Details#

template<std::size_t N, typename T> constexpr std::array<std::remove_cvref_t<T>, N> detail::init_fill_array(T &&value)#

fill an uninitialize array

int i = 42;
const std::array<int,8> arr = detail::init_fill_array<8>( i ); // all values of `arr` are `42`

value can also be an invokable object that take an unsigned integer and return type stored in array T.

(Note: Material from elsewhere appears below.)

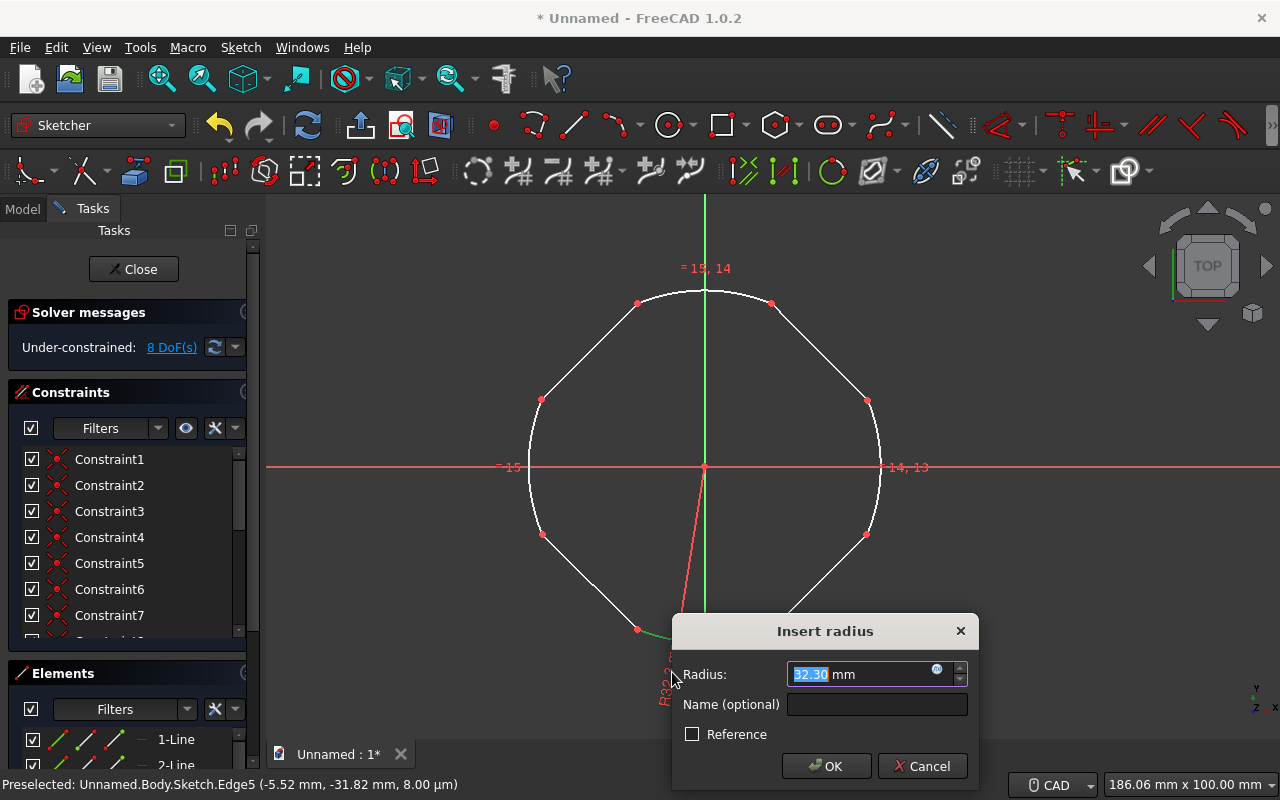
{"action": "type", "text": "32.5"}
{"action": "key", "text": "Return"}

const std::array<int,8> arr = detail::init_fill_array<8>([](int i){ return i*i; }); // get {0,1,4,9,16,25,36,49}

Template Parameters:

N – size of array to fill
T – type of stored value in array

Parameters:

value – value to fill in uninitialize array

template<std::size_t N, typename state_t, typename value_t, typename ArrayA_t, typename ArrayB_t> constexpr state_t detail::tpl_inner_product(ArrayA_t const &a, ArrayB_t const &b, state_t const &init, value_t mul_coeff = value_t{1.0})#

inner product between two array from 0 to N

This function compute \(\texttt{init} + \sum_{i=0}^N \texttt{mul_coeff}a_ib_i\) without loop thanks to template.

Template Parameters:

N – number of elements to compute
state_t – type of computed value
value_t – type of coefficents
ArrayA_t – type of first array
ArrayB_t – type of second array

Parameters:

a – first array
b – second array
init – starting value to add other values to
mul_coeff – coefficient to multiply each multiplication of inner product

template<std::size_t Iexp, typename Arithmetic_t> constexpr Arithmetic_t detail::power(Arithmetic_t &&value)#

return Iexp multiplication of value to make an efficient power function for integers

Note

if we remove condition Iexp could be equal to zero, we could remove the requirement 1 can be converted into Arithmetic_t.

Template Parameters:

Iexp – exponent of expression
Arithmetic_t – arithmetic type (need multiplication and 1 can be converted into this type)

Parameters:

value – value to powered

Returns:

constexpr Arithmetic_t \(\texttt{value}^{\texttt{Iexp}}=1\times\underbrace{\texttt{value}\times\cdots\times \texttt{value}}_{\texttt{Iexp}\ \text{times}}\) with \(\texttt{Iexp}\in\mathbb{N}\) (could be equal to zero)